16. The decision of the apex court in Hindson Automobiles [1955] 6 STC 660 is also of no avail to the Revenue in face of the unequivocal

enunciation in Commissioner of Income Tax, West Bengal, Calcutta Vs. Raja Benoy Kumar Sahas Roy,

17. The belt pulley used in a truck and also sold as a spare part otherwise was held by the apex court in State of Punjab Vs. Hindsons (P) Ltd.,

not to be an agricultural implement. It was observed that such a belt pulley if used in a truck may increase its utility in agricultural operations, but

that by itself would not make it an agricultural implement. This decision as well in the opinion of this Court, does not advance the case of the

Revenue as the machine involved herein is a ""power tiller"" and not any part of or accessory thereof common to any other device. This is more so,

as the utilization of ""power tillers"" in some agricultural activities is admitted by the Revenue.

18. The apex court while dilating on the elementary norms of interpreting statutory enactments, expounded in Polestar Electronic (Pvt.) Ltd. Vs.
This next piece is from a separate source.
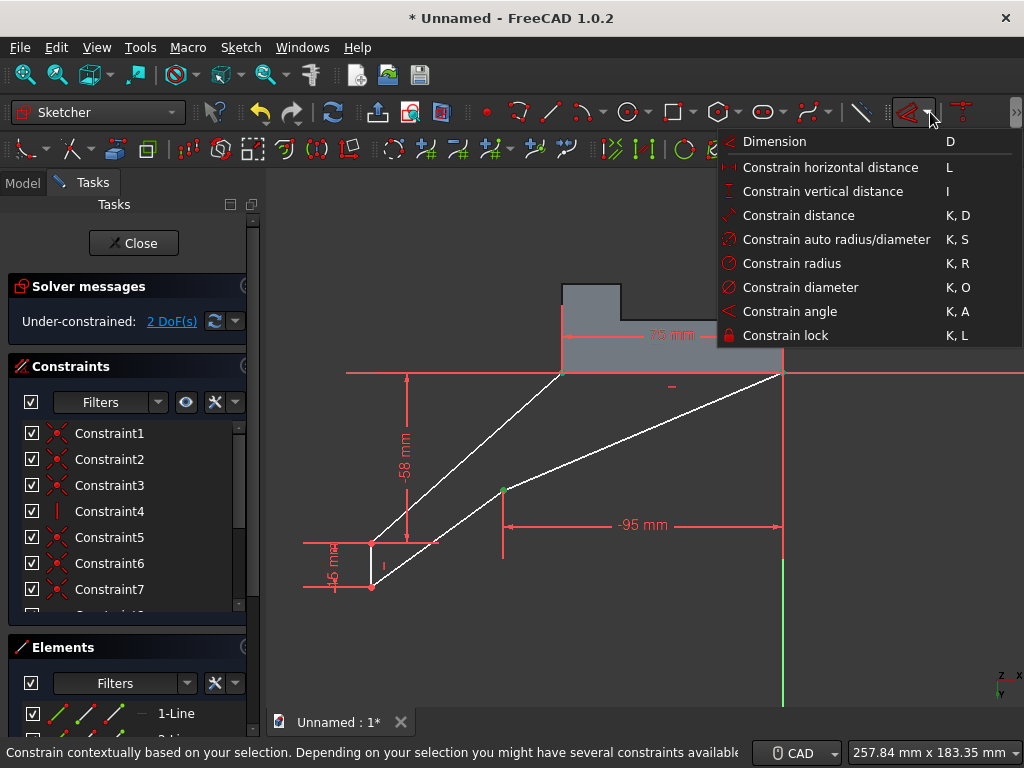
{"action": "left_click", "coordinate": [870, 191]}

Additional Commissioner, Sales Tax and Another, that the intention of the Legislature should be gathered from the language used by it and it is not

permissible for the court to speculate the same. It would be impermissible for it to hypothesize as to what the Legislature must have intended to and

then condition the language of the statute to make it accord to the presumed intention of the Legislature. It quoted with approval the rendering in

Cape Brandy Syndicate v. Commissioners of Inland Revenue [1921] 1 KB 64 that there is no presumption as to tax and there is no room for any

intendment. It was held that if the Legislature had failed to clarify its omission by use of appropriate language, the benefit must go to the tax-payer

and that even if there is any doubt as to interpretation, it must be resolved in favour of the subject. The same view was reiterated in substance in T.
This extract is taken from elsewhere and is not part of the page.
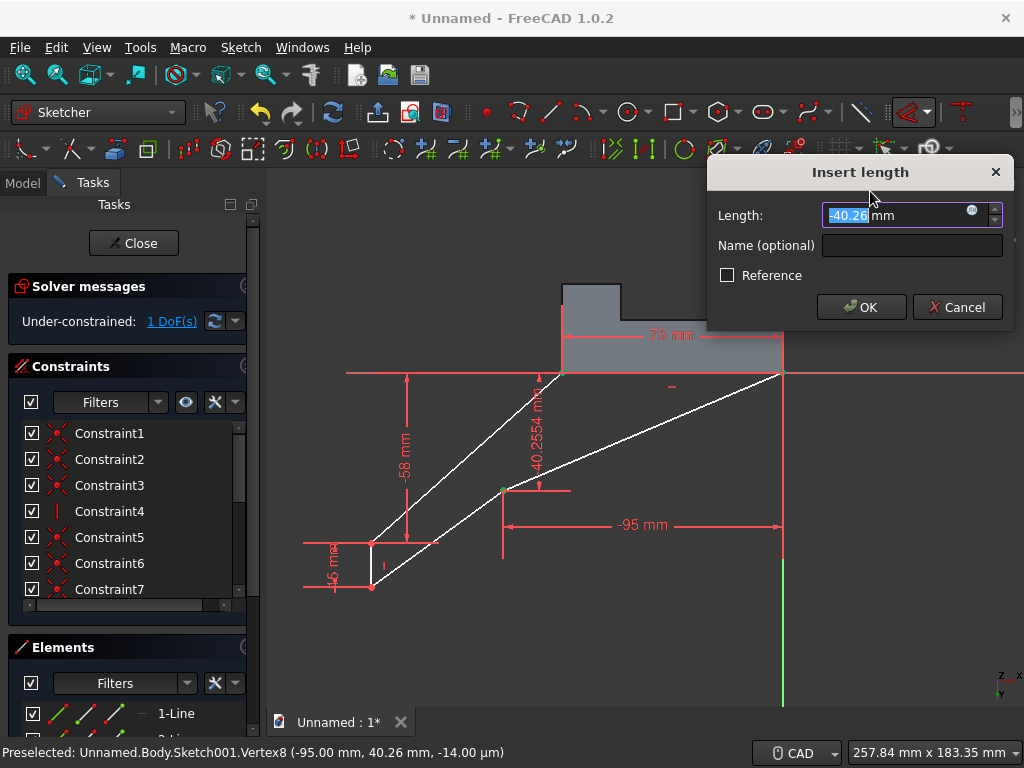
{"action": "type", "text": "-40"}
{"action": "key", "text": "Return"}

N. State Electricity Board [2007] 7 SCC 636.

19. That the burden is on the Department to establish in the facts of a given case that the goods in question can by no conceivable reasoning be

brought either to any of the tariff items so as to take resort to the residuary item was underlined by the apex court once again in Hindustan Poles

Corporation Vs. Commissioner of Central Excise, Calcutta,

20. The unsubstantiated plea of the legislative intendment of exclusion of power tillers from the purview of agricultural implement contemplated in

entry 1 of the Second Schedule to the Act, in the absence of any tangible and persuasive materials on record in support thereof thus cannot

validate the order impugned. The fact that the same rate of tax for an agricultural implement envisaged in entry 1 of the Second Schedule to the Act

as well as ""power tillers"" on its insertion in entry 65 thereof has been maintained, cannot also be lost sight of. Had it been the intention of the

Legislature to distinguish a ""power tiller"" from an agricultural implement, within the meaning of entry 1 of the Second Schedule to the Act, there

would have been a clear indication to that effect either in the Act or in the notification effecting the amendment. The inclusion of power tiller in clear

terms in entry 65 though may be viewed as an endeavour to set at rest any possible controversy with regard to its identity and entitlements as an

agricultural implement, in the considered opinion of this Court, the same ipso facto does not signify that at the commencement of the Act, such a

recognition was neither in contemplation nor approved by the law makers.

21. On a totality of the considerations as hereinabove, the clarification provided by the Commissioner of Taxes as corrected by order in M.C. No.

2014 of 2009 dated August 5, 2009, Assam vide the impugned order cannot be sustained in law and on facts. The petitioners'' endeavour to

obtain the same u/s 105 of the Act does not disentitle it to question the unfavourable finding under article 226 of the Constitution of India.

Axiomatically therefore, the impugned order dated December 23, 2008 and the consequential show-cause notice dated December 29, 2008 are

hereby quashed.

22. The petition is allowed. No costs.